Monday, August 14, 2006

The Vagaries of Karma

This past weekend I went to Koya-san, a famous mountain temple complex in Wakayama prefecture. As I was travelling with a group of colleagues from the consulate, it was not the solitary, peaceful, reflective ramble I might have wished. But it was very informative. Our guide was a swiss buddhist monk who was kind enough to share his knowledge about the complex's history and precepts with us. Certainly I know a lot more about Buddhism than I did before.

His stories reminded me of one of my earliest encounters with Buddhism in Japan, in the little town I lived in in Okayama prefecture. I had been trying to find my way to a shrine festival someone had mentioned to me; I only knew that it was being held somewhere in the neighborhood behind my house. I remember I was wearing my grandmother's black velvet winter coat -- I especially remember the texture of it. It was early morning in the Fall, and chill. I can see myself, pulling the coat more tightly around me. My hair was in a braid, because of the wind.

Japanese neighborhoods are not laid out in any logical manner, so naturally I became quite lost. This didn't particularly bother me; thankfully, my hopeless sense of direction is balanced by a robust belief that one can always, somehow, find home. All around the air was still and quiet. The scenery was varying shades of gray, from the sky, to the road, to the walls surrounding the plots of each household. I walked on, not really knowing where I was going, just following the cloud of my breath.
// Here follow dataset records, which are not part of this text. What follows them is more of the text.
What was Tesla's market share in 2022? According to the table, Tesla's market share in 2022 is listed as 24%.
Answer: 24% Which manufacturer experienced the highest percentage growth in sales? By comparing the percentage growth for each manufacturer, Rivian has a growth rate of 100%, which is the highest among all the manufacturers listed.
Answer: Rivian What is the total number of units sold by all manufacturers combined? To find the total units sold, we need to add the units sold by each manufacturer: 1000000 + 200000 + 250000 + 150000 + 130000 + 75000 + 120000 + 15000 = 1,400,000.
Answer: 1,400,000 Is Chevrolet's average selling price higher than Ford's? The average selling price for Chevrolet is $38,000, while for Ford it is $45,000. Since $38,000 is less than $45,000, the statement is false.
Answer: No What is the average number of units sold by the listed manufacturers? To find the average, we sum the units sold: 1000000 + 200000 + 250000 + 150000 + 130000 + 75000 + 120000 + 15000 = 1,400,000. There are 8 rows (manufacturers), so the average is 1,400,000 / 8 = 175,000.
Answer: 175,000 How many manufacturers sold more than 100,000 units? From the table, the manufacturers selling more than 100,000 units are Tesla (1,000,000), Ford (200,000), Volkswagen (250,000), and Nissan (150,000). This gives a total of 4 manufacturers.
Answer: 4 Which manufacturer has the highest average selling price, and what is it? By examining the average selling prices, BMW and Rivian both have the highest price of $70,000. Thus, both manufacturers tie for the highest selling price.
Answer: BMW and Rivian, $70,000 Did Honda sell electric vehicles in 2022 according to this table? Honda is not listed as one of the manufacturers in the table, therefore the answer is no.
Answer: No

The sound of highly animated talk and laughter from behind one of the tall, concrete walls was not startling so much as comforting, and I crossed over the empty street to discover the entrance to a gigantic graveyard. There was a large, dark, wooden building in the center, and the densely packed stone gravemarkers seemed to flow out from the sides of it, peaking here and there like waves where an occasional pillar stood taller than the rest. I didn't fully understand it at the time, but I had come across a temple complex. The wooden building -- the temple -- looked like a ship floating on a sea of stone. A group of elderly Japanese women was performing ritual grave cleanings; they continued on as if I wasn't there, ladling water from buckets over a grouping of gravemarkers. Their involuntarily stooped backs and chatty voices provided a soft contrast to the hard, somber edges of the stone. One broke away from the group and trundled towards the building, limbs moving at impossible angles, to place a mikan she'd drawn from her apron pocket at the foot of a carved granite Buddha. The seated Buddha's hand was raised in what looked to be a sign of benediction; his eyes were half-closed, serene. The mikan shown like a neon sign, the brightest object in a square city block. Then abruptly the women and their voices were gone, having moved back behind the temple, and I was alone again.
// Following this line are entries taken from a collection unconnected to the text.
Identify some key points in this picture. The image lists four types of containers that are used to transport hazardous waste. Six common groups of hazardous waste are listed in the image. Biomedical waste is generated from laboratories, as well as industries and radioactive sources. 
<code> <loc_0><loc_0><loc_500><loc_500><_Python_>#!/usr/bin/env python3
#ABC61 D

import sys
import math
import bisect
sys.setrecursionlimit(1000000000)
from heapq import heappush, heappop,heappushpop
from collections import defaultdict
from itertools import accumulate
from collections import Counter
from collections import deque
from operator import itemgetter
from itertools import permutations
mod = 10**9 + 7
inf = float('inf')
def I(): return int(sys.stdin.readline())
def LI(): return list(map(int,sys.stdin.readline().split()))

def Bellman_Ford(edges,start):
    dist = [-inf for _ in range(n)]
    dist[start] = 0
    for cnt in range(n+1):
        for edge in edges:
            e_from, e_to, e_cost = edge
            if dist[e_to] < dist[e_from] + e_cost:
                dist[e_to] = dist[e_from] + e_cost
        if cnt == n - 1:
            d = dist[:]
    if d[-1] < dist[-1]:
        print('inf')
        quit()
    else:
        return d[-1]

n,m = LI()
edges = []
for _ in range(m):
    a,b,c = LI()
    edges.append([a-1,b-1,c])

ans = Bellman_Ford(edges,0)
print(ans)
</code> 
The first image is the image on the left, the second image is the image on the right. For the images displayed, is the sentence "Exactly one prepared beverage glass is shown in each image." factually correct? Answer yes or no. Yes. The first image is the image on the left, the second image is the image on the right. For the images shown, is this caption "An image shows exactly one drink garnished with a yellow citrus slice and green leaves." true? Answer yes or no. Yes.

I'm not sure how long I stood there, considering the Buddha and his offering, looking out over the sea of graves, and running one hand over the sleeve of the opposite arm to feel the nap of the velvet. The moment felt very pregnant. My ears stung a bit from the cold.

Then, as if on cue, a gray and white shaggy dog appeared from the far corner of the complex, moving briskly and silently towards the Buddha with purposeful intent. Without breaking stride, he lifted the mikan off the statue's pedestal with a single practiced motion, and continued his journey across the yard and out the entrance to disappear around the wall. It happened so quickly and so efficiently, I almost couldn't believe it; I'll never forget his eyes rolling up at me in a strange mix of pride and guilt as he hurried past. I turned to follow, but there was no sign of him on the street. He'd made a clean escape, mikan safely in tow.

Relating this story later to my friend Kana, she chuckled and said, "That dog was very bad. I do not think he will enjoy his next life." Perhaps not. But at least, I suppose, he appeared to be enjoying this one.

1 comment:

Anonymous said...

The dog was a truer follower of Buddha than the ladies. Buddha did not want to be made into a god, for people to leave offerings to his representations. He said, "Gripped by fear people go to sacred mountains, sacred groves, sacred trees and shrines." In many ways, Buddhism as it is practiced is the antithesis of what Buddha taught.